**Brief**.
What you give back must match the data exactly, minus the pictures.
--
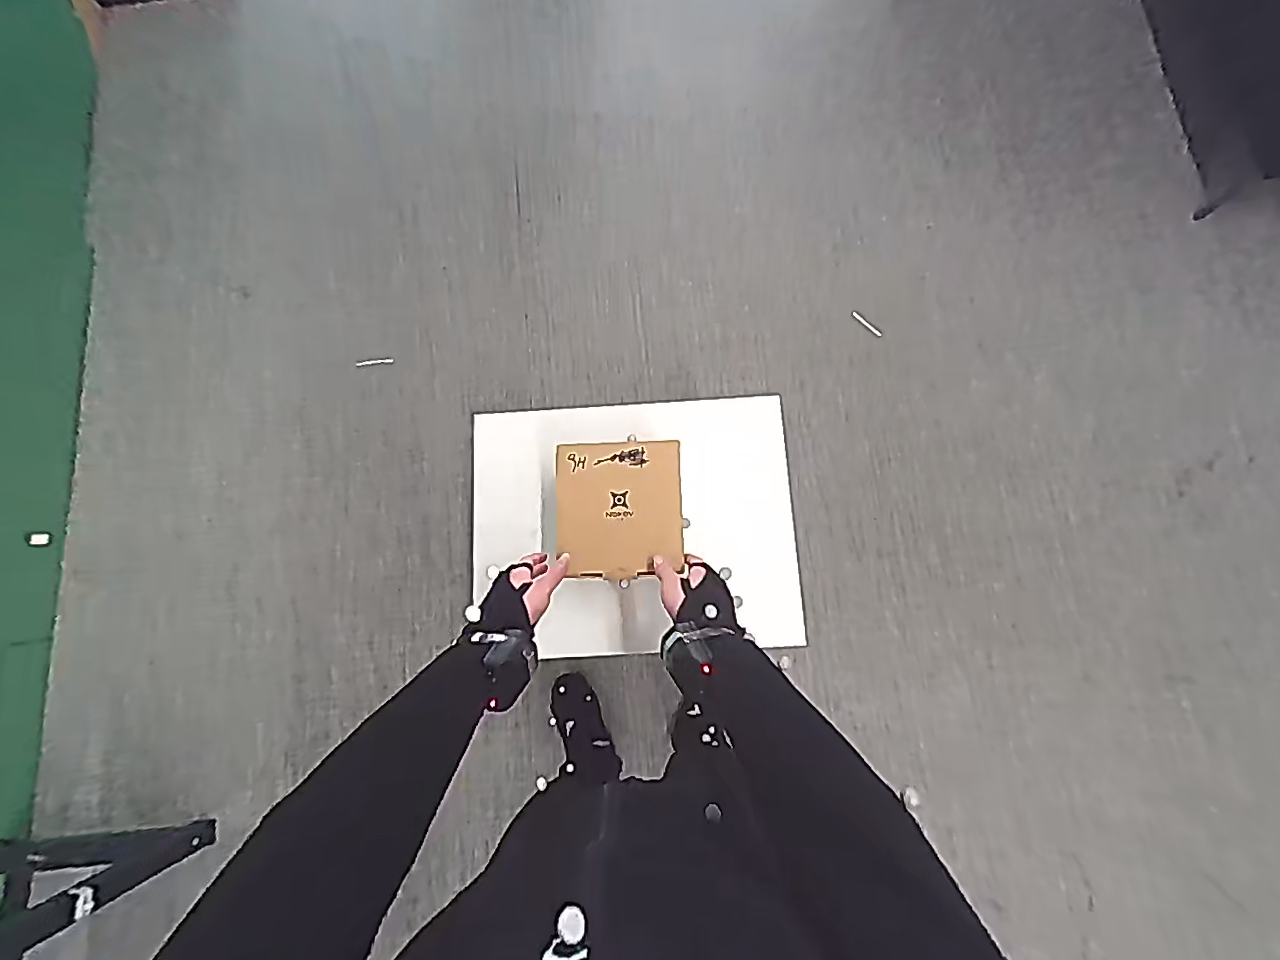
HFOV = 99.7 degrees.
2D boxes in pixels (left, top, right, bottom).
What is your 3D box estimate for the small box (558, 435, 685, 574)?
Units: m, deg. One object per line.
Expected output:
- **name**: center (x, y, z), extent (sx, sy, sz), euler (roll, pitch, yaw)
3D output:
- **small box**: center (-0.021, 0.045, 0.785), extent (0.168, 0.176, 0.179), euler (-4, 78, 2)
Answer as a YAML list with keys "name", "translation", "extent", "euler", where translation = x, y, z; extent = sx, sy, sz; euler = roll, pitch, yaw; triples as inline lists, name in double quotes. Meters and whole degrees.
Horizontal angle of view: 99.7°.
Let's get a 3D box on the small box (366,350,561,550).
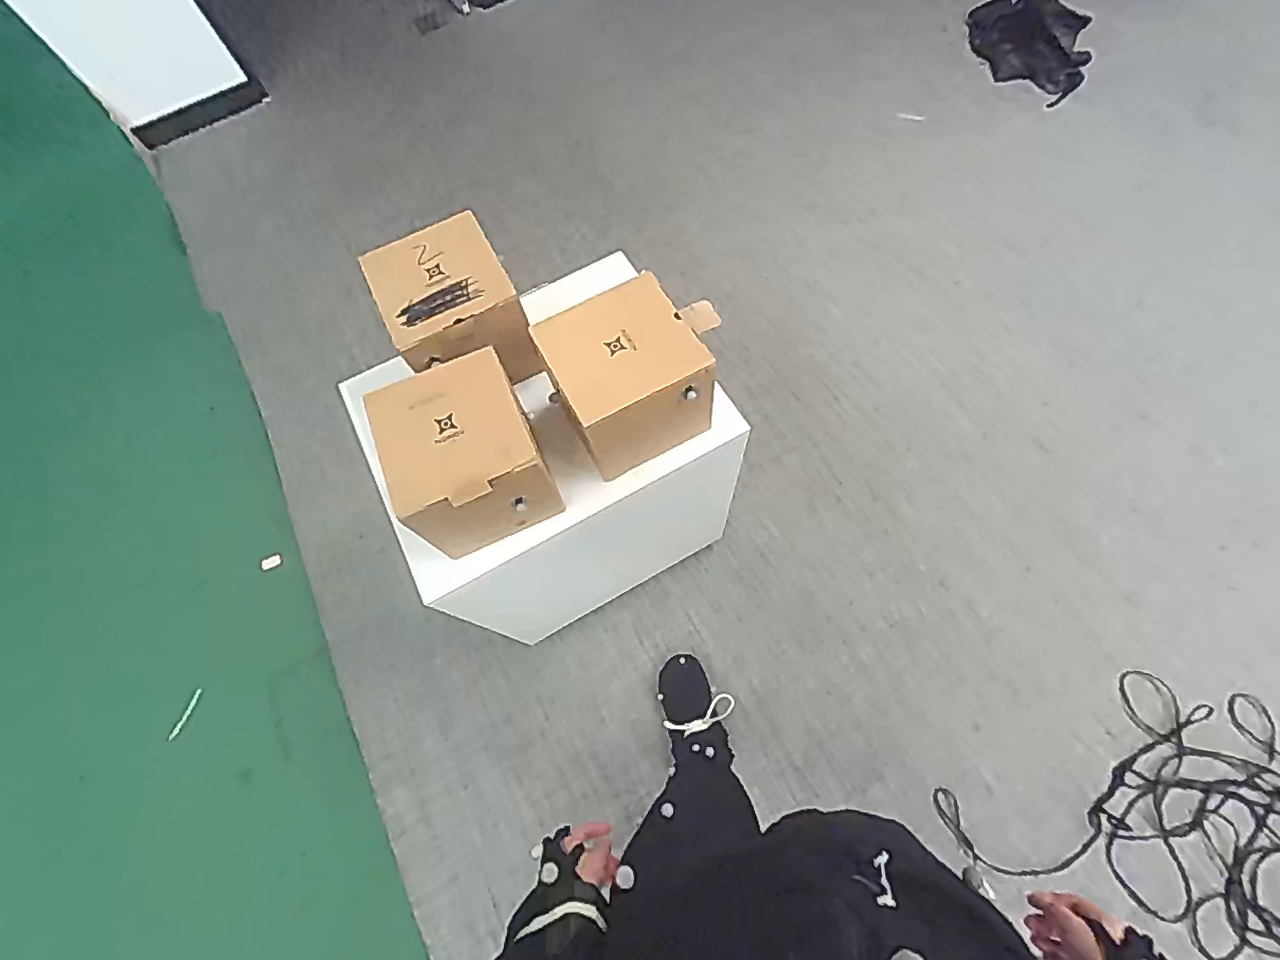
- name: "small box"
  translation: [-0.214, -0.025, 0.691]
  extent: [0.168, 0.176, 0.179]
  euler: [-24, 66, -8]
--
**Reply**.
HFOV = 99.7 degrees.
2D boxes in pixels (left, top, right, bottom).
What is your 3D box estimate for the small box (558, 435, 685, 574)?
Units: m, deg. One object per line.
Expected output:
- **name**: center (x, y, z), extent (sx, sy, sz), euler (roll, pitch, yaw)
3D output:
- **small box**: center (-0.021, 0.045, 0.785), extent (0.168, 0.176, 0.179), euler (-4, 78, 2)
Answer as a YAML list with keys "name", "translation", "extent", "euler", where translation = x, y, z; extent = sx, sy, sz; euler = roll, pitch, yaw; triples as inline lists, name in double quotes. Meters and whole degrees.
Horizontal angle of view: 99.7°.
Let's get a 3D box on the small box (366,350,561,550).
- name: "small box"
  translation: [-0.214, -0.025, 0.691]
  extent: [0.168, 0.176, 0.179]
  euler: [-24, 66, -8]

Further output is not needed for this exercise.